• [Directions]: Below this task are records; return each one exactly and omit its images.
○ ○ ○
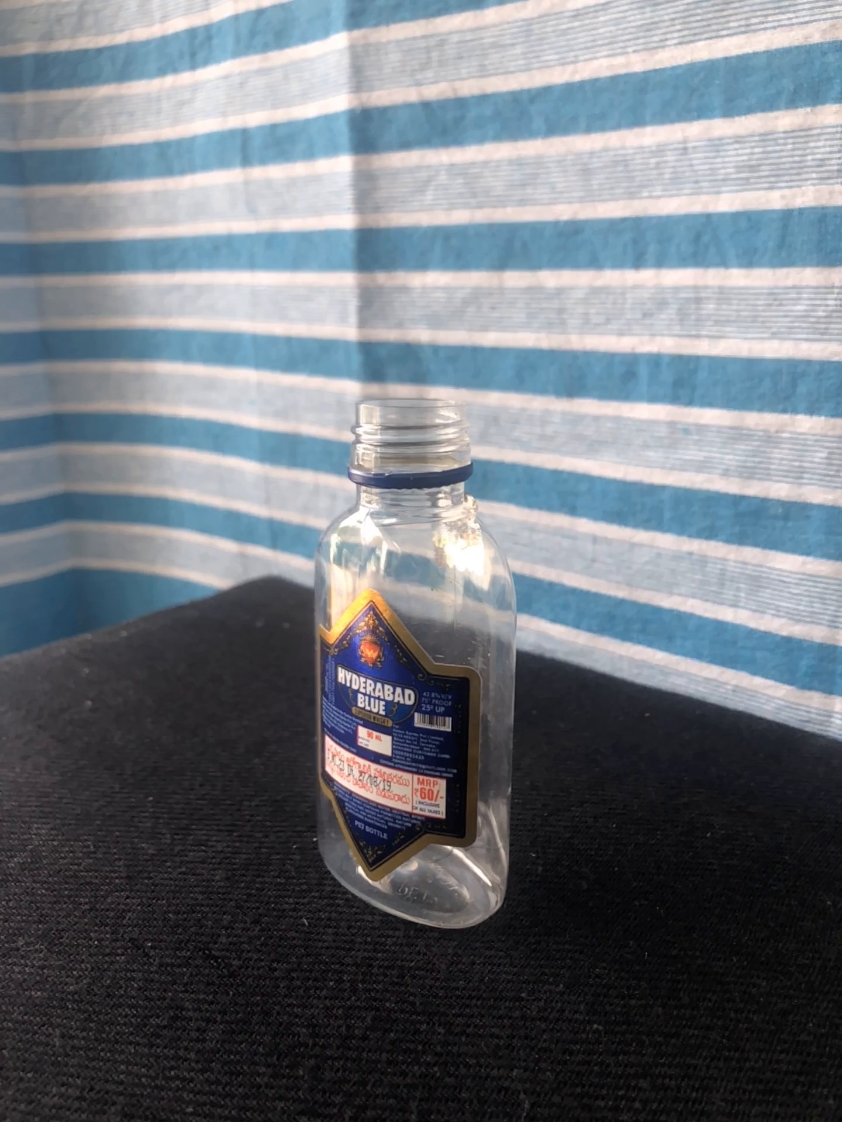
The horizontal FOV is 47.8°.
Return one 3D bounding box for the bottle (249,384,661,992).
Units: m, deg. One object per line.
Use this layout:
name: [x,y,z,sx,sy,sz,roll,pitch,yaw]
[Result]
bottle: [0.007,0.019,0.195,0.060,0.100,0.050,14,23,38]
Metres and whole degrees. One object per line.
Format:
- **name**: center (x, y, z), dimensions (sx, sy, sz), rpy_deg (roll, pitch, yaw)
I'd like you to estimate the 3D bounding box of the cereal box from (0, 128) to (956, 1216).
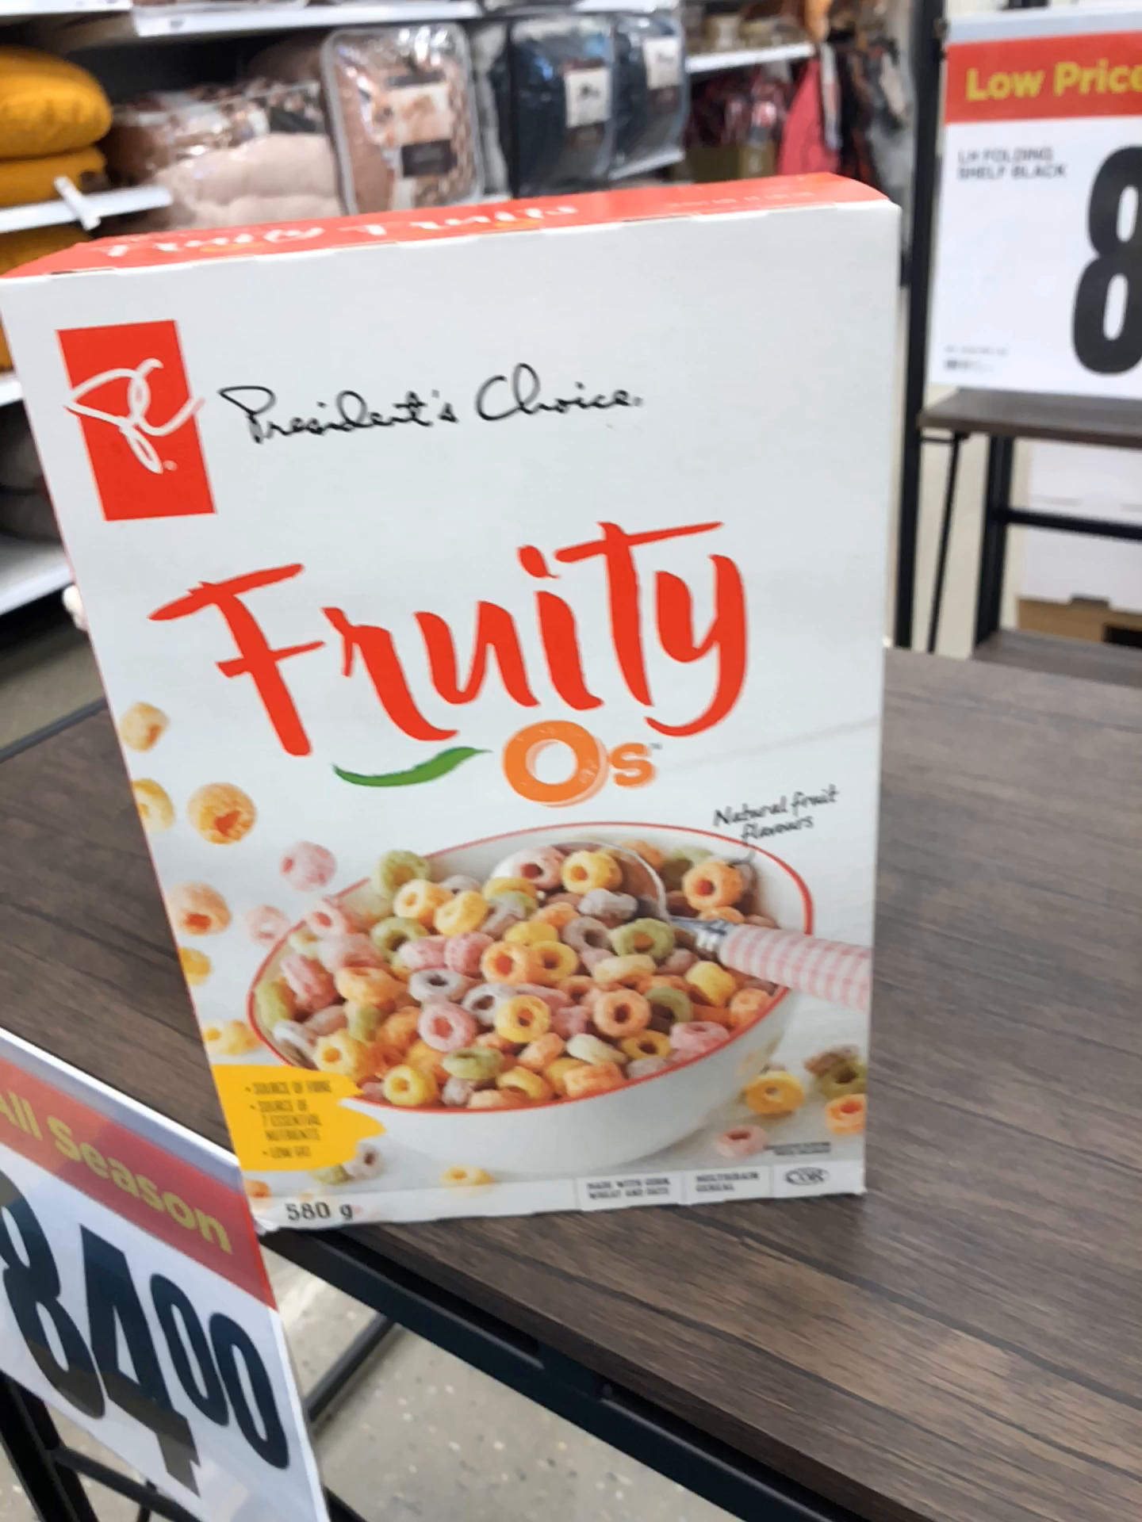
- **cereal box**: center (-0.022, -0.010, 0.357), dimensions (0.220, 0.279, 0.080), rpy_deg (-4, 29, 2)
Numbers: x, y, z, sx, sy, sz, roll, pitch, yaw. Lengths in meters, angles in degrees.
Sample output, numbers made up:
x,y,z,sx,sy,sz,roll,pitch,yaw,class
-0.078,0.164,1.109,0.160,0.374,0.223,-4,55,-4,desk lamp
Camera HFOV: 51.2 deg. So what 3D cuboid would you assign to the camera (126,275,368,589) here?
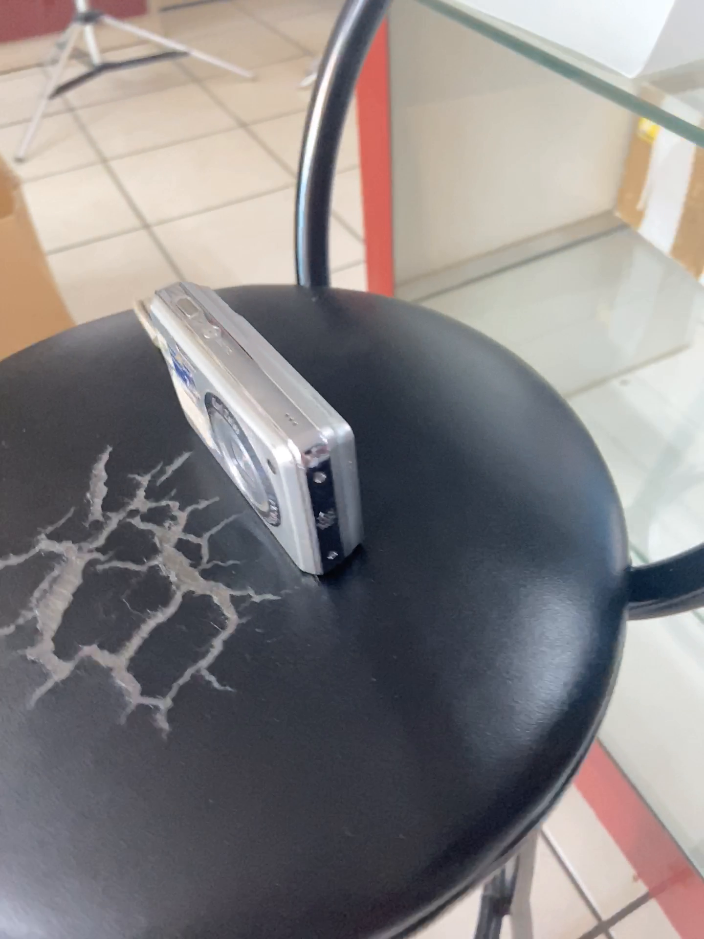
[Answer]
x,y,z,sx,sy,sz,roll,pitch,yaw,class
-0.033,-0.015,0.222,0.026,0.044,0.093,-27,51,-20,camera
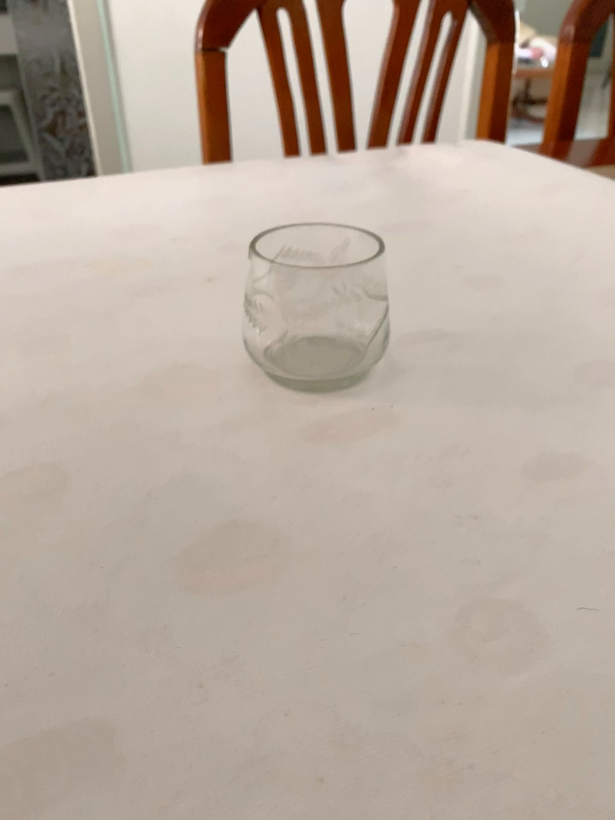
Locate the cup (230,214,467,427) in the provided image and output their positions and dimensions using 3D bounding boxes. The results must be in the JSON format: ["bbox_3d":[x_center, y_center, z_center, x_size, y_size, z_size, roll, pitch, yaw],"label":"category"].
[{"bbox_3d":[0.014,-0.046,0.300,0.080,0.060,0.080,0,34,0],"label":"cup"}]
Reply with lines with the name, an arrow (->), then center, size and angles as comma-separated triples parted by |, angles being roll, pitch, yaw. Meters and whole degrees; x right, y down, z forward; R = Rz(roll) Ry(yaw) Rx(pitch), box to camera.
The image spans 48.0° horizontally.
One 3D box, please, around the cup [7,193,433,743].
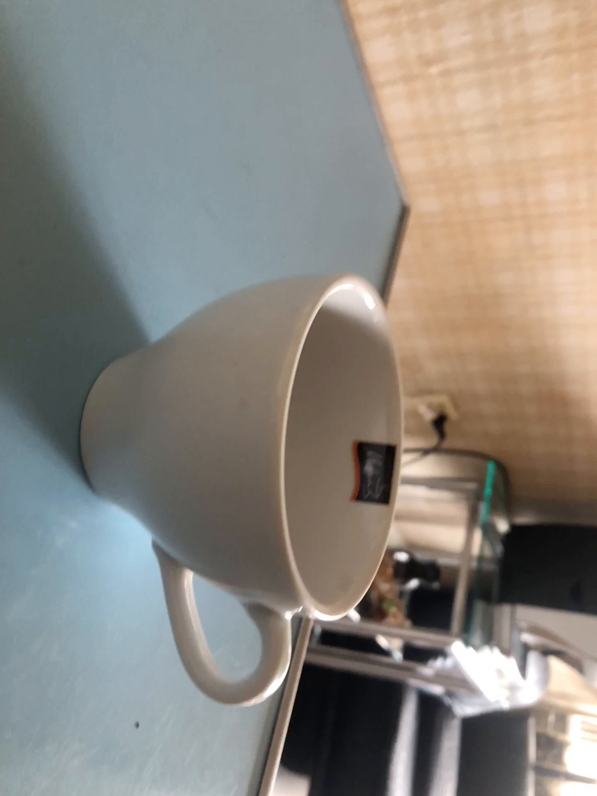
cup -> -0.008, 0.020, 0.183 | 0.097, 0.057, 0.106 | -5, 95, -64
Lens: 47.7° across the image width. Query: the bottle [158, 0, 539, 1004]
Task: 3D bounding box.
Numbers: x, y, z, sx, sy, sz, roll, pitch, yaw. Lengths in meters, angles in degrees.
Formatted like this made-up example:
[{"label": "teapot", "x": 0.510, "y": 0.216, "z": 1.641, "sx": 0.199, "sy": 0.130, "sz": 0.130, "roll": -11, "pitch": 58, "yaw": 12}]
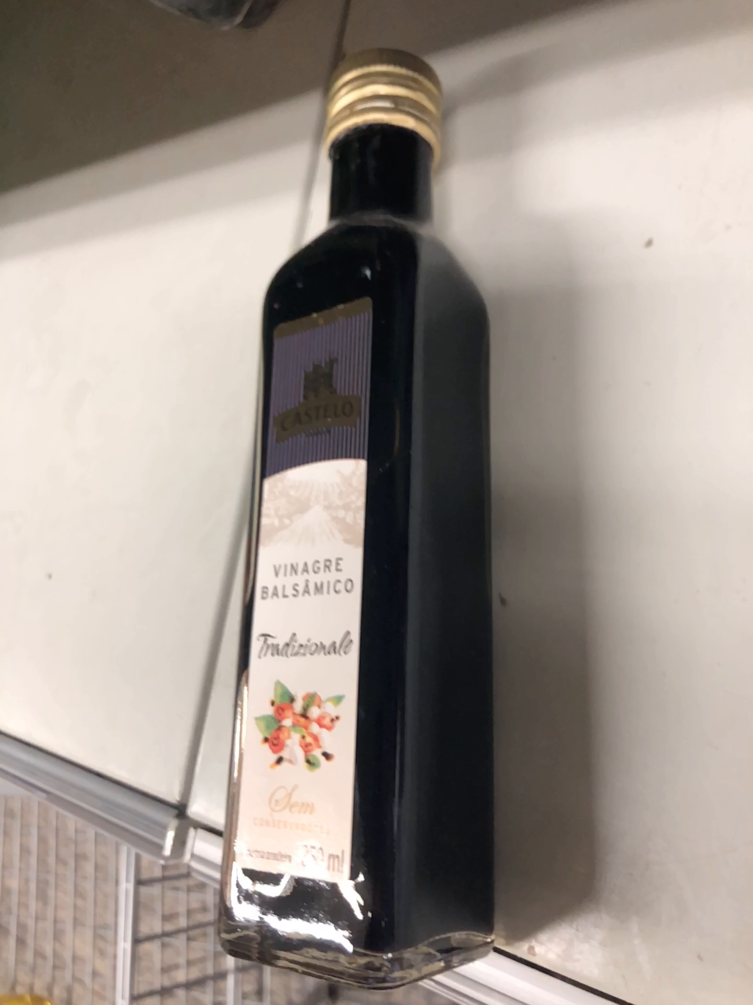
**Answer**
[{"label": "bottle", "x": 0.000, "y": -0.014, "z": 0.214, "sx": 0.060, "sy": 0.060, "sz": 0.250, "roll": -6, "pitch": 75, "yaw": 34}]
○ ○ ○
• [Answer to the exercise]:
The horizontal FOV is 47.8°.
Return one 3D bounding box for the bottle (249,384,661,992).
Units: m, deg. One object per line.
Use this layout:
name: [x,y,z,sx,sy,sz,roll,pitch,yaw]
[Result]
bottle: [0.007,0.019,0.195,0.060,0.100,0.050,14,23,38]
Metres and whole degrees. One object per line.
Format:
- **name**: center (x, y, z), dimensions (sx, sy, sz), rpy_deg (roll, pitch, yaw)
I'd like you to estimate the 3D bounding box of the cereal box from (0, 128) to (956, 1216).
- **cereal box**: center (-0.022, -0.010, 0.357), dimensions (0.220, 0.279, 0.080), rpy_deg (-4, 29, 2)
Numbers: x, y, z, sx, sy, sz, roll, pitch, yaw. Lengths in meters, angles in degrees.
Sample output, numbers made up:
x,y,z,sx,sy,sz,roll,pitch,yaw,class
-0.078,0.164,1.109,0.160,0.374,0.223,-4,55,-4,desk lamp
Camera HFOV: 51.2 deg. So what 3D cuboid would you assign to the camera (126,275,368,589) here?
[Answer]
x,y,z,sx,sy,sz,roll,pitch,yaw,class
-0.033,-0.015,0.222,0.026,0.044,0.093,-27,51,-20,camera
Locate the cup (230,214,467,427) in the provided image and output their positions and dimensions using 3D bounding boxes. The results must be in the JSON format: ["bbox_3d":[x_center, y_center, z_center, x_size, y_size, z_size, roll, pitch, yaw],"label":"category"].
[{"bbox_3d":[0.014,-0.046,0.300,0.080,0.060,0.080,0,34,0],"label":"cup"}]
Reply with lines with the name, an arrow (->), then center, size and angles as comma-separated triples parted by |, angles being roll, pitch, yaw. Meters and whole degrees; x right, y down, z forward; R = Rz(roll) Ry(yaw) Rx(pitch), box to camera.
The image spans 48.0° horizontally.
One 3D box, please, around the cup [7,193,433,743].
cup -> -0.008, 0.020, 0.183 | 0.097, 0.057, 0.106 | -5, 95, -64
Lens: 47.7° across the image width. Query: the bottle [158, 0, 539, 1004]
Task: 3D bounding box.
Numbers: x, y, z, sx, sy, sz, roll, pitch, yaw. Lengths in meters, angles in degrees.
Formatted like this made-up example:
[{"label": "teapot", "x": 0.510, "y": 0.216, "z": 1.641, "sx": 0.199, "sy": 0.130, "sz": 0.130, "roll": -11, "pitch": 58, "yaw": 12}]
**Answer**
[{"label": "bottle", "x": 0.000, "y": -0.014, "z": 0.214, "sx": 0.060, "sy": 0.060, "sz": 0.250, "roll": -6, "pitch": 75, "yaw": 34}]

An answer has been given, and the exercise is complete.